Representative Results

Metformine selectief richt Pancreatic CSCs

We hebben eerst de functionele effecten van metformine behandeling op de in vitro zelfvernieuwingscapaciteit van CSCs onderzocht. Hiertoe we bol vorming assays uitgevoerd met primaire humane pancreatische kankercellen geïsoleerd van PDAC weefsel resectie tijdens chirurgie. We zagen dat metformine sterk verminderde de grootte van gevormde bolletjes (Figuur 1A). Dit was waarschijnlijk door remming van de groei van de nakomelingen van de CSC, waaraan nog steeds het grootste deel van de cellen gevonden in gebieden zij alleen zijn verrijkt CSCs. Inderdaad, hoe langer bolletjes gekweekt zonder passage van hoe uitgebreider de expansie van meer gedifferentieerde nakomelingen zullen zijn. Zo vonden we metformin het aantal feitelijk gevormde bolletjes ongeacht hun grootte aanzienlijk dalen, die zich op een dosis-afhankelijke wijze suggereert sterke remming van de zelfvernieuwingscapaciteit van CSC's (data niet getoond). We vonden dat metformine bij 3 mM significant af van het aantal bolletjes gevormd (Figuur 1B). Om strengere studie van de lange-termijn effecten van metformine op de zelfvernieuwingscapaciteit van CSCs, we vervolgens gepasseerd het gevormde primaire werelden in secundaire en tertiaire sferen. Hoewel slechts primaire bolletjes werden behandeld met metformine, werd de vorming van gebieden in de tweede en derde doorgangen sterk toenemende mate verminderd, wat impliceert metformine inderdaad onomkeerbaar elimineerde de meeste CSCs (figuur 1C). Aldus onze gegevens toonden significante behandelingseffecten metformine op zelfvernieuwingscapaciteit primaire alvleesklier CSCs en dus moedigde ons verder mechanistische en in vivo studies uitgevoerd.

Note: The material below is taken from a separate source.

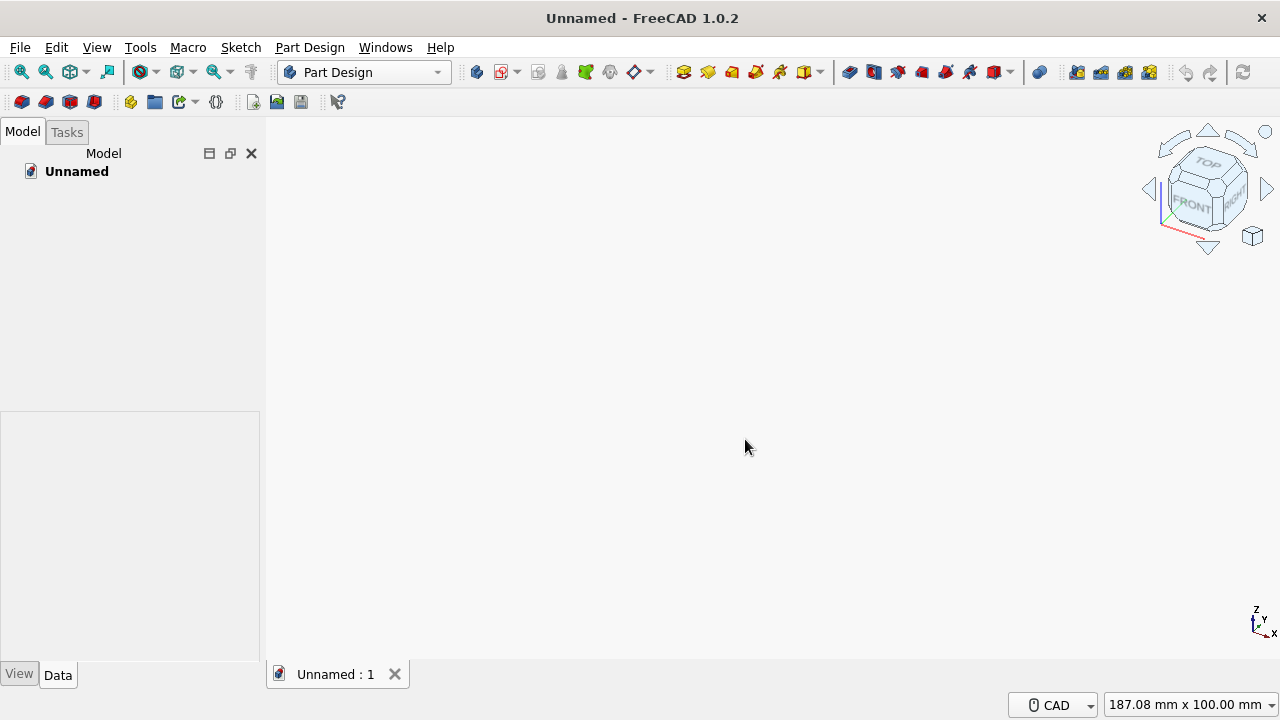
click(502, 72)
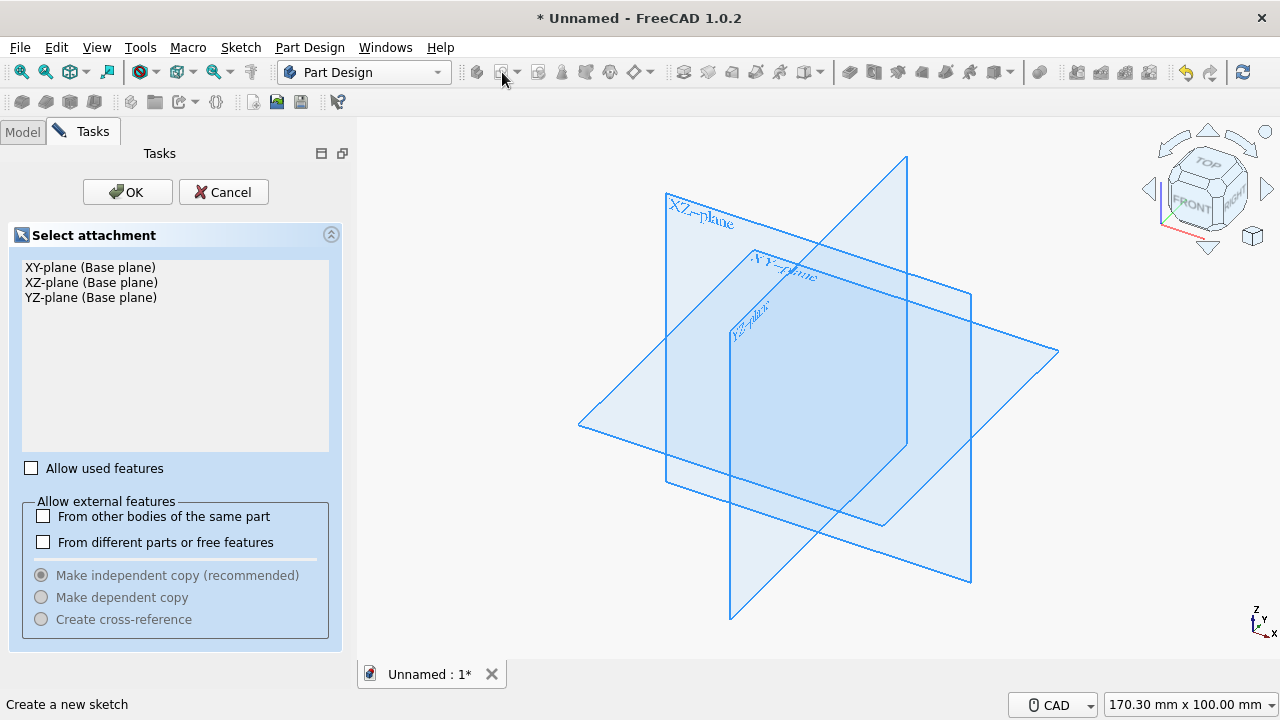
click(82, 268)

Metformine remt mitochondriale zuurstof consumptie en Induceert ROS productie

Sinds metformin bleek te fungeren als een mitochondriaal gif door gedeeltelijke remming van complex I activiteit we vervolgens de acute effecten van metformine op de cellulaire zuurstofverbruik in bol afgeleide cellen onderzocht. Hiervoor hebben we gekozen cellen afkomstig van twee representatieve PDAC primaire tumoren en mat het zuurstofverbruik in de tijd na achtereenvolgende injectie van 3 mM metformine (drie injecties) en 1 uM rotenon (één injectie). Zoals getoond in figuur 2A, metformine injectie induceerde een snelle en dosisafhankelijke afname in zuurstofverbruik, die aanzienlijk tussen de verschillende tumoren varieerde. We berekenden de residuele mitochondriale activiteit na behandeling met metformine door injectie rotenon, een krachtige remmer complex I, dat in staat is volledig remmen mitochondriale zuurstofverbruik. Gevoeligheid voor metformine qua mitochondriale zuurstofverbruik gecorreleerd met het vermogen om ROS productie gedefinieerd als een verplaatsing van het gemiddelde van het p inducerenning na behandeling met metformine (Figuur 2B, linker paneel), die gemakkelijk te kwantificeren (figuur 2B, rechter paneel). Zoals verwacht, de primaire cellen die het meest gevoelig voor remming van zuurstofconsumptie waren toonde ook de sterkste toename van ROS productie na behandeling met metformine. Aldus zijn deze metabolische in vitro experimenten demonstreren dat metformine targets CSCs door remming van hun afhankelijkheid van de mitochondriale functie, resulterend in een latere toename van mitochondriale ROS productie en eventueel inductie van apoptose.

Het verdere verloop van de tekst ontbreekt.